A Geometric Proof of $\zeta(2)=\frac{\pi^2}6$? (and other integer inputs for the Zeta)
Is there a known geometric proof for this famous problem? $$\zeta(2)=\sum_{n=1}^\infty n^{-2}=\frac16\pi^2$$
Moreover we can consider possibilities of geometric proofs of the following identity for positive even inputs of the Zeta function: $$ \zeta(2n)=(-1)^{n+1} \frac{B_{2n}(2\pi)^{2n}}{2(2n)!}$$ and negative inputs: $$ \zeta(-n)=-\frac{B_{n+1}}{n+1}$$
Yes, there is a geometric proof for $\zeta(2)=\sum_{n=1}^\infty n^{-2}=\frac16\pi^2$, and, on top of that, it is a very unusual and, in my opinion, beautiful one.

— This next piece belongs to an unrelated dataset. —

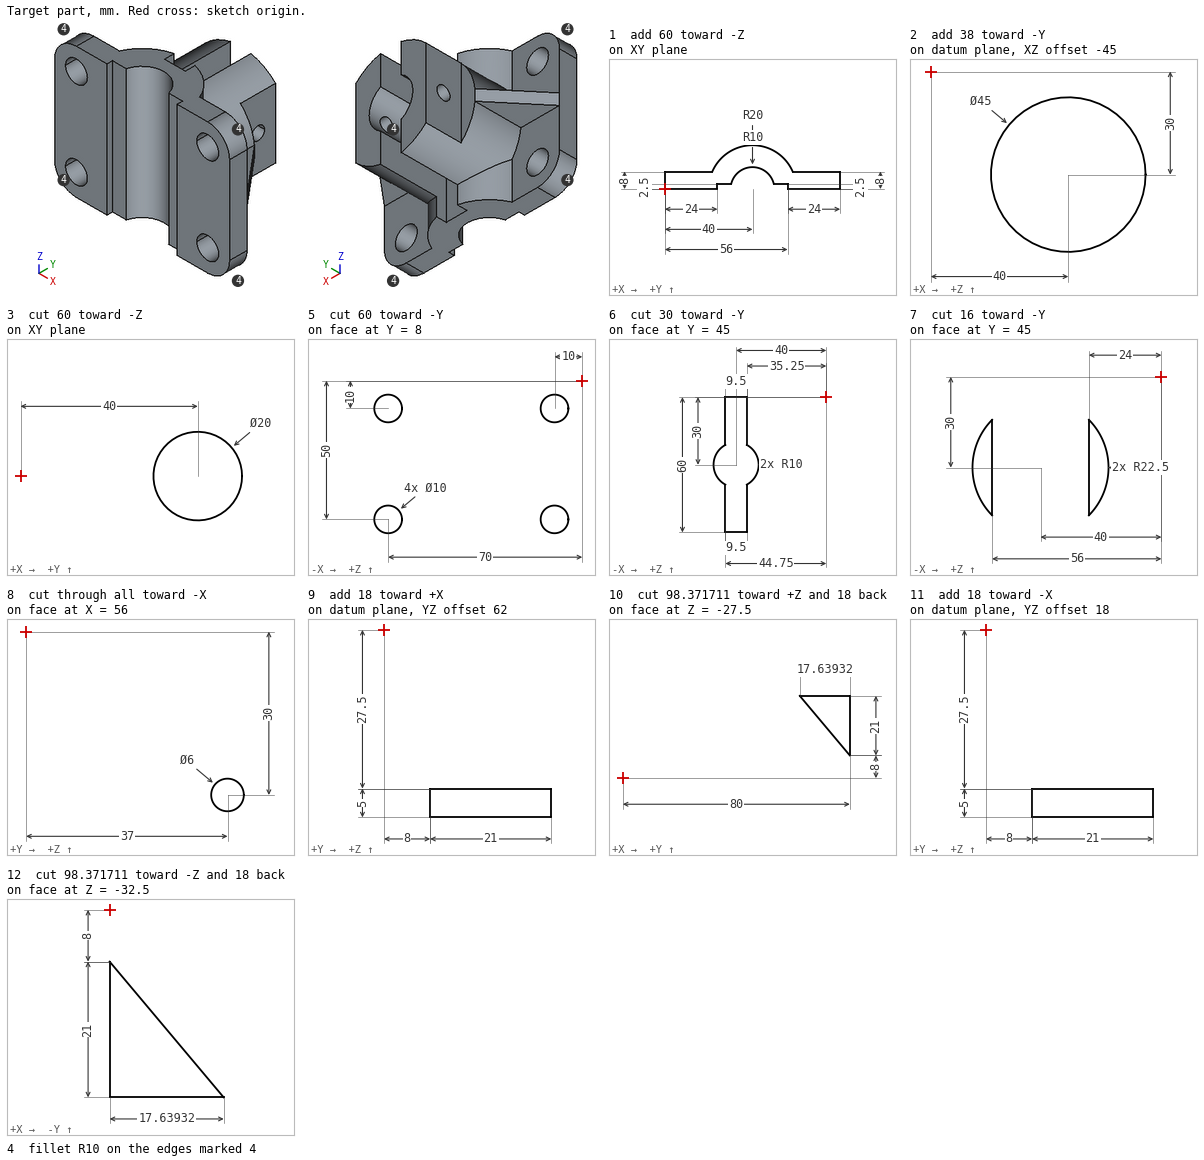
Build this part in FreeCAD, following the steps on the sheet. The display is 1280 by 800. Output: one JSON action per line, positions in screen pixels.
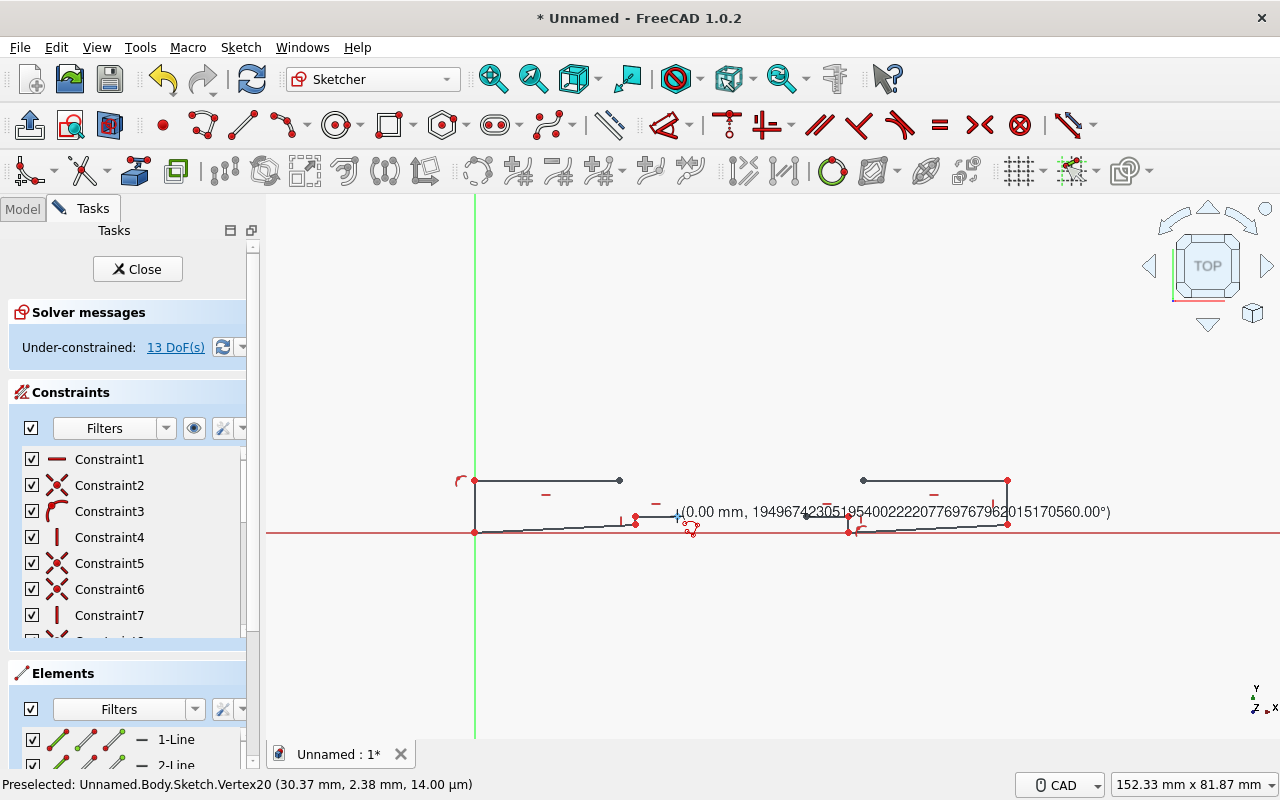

In his gorgeous paper "How to compute $\sum \frac{1}{n^2}$ by solving triangles", Mikael Passare offers this idea for proving $\sum_{n=1}^\infty \frac{1}{n^2} = \frac{\pi^2}{6}$:
Proof of equality of square and curved areas is based on another picture:
Recapitulation of Passare's proof using formulas is as follows: (for each step there is a geometric justification)
$$\sum_{n=1}^\infty \frac{1}{n^2} = \sum_{n=1}^\infty \int_0^\infty \frac{e^{-nx}}{n}\; dx\; = -\int_0^\infty log(1-e^{-x})\; dx\; = \frac{\pi^2}{6}$$
I'm not sure what you mean by a geometric proof, but the following should fit the bill, as here the identity is deduced from a comparison of two areas: the first area is
$\displaystyle\int_{[0,1]^2} \frac{1}{1 - xy} \frac{dx dy}{\sqrt{xy}}$
and the second is
$4 \displaystyle \int_{\substack{\xi, \eta>0 \\ \xi \eta \leq 1}} \frac{ d \xi \, d \eta}{(1+\xi^2)(1+\eta^2)}$;
They are equal by a change of variables. For the first quantity, expand $(1-xy)^{-1}$ as a geometric series and integrate term-wise to get $3 \cdot \zeta(2)$. The second can be computed to $\pi^2/2$. This can be found in detail in Kontsevich and Zagier's Periods (bottom of page 8), where they attribute the idea to Calabi. (You should easily be able to hunt down an identity of $\zeta (n)$ being equal to an integral over the unit square in $\mathbb{R}^n$, like the first above. It might be a fun exercise to see if this idea is can be adapted for even $n$.)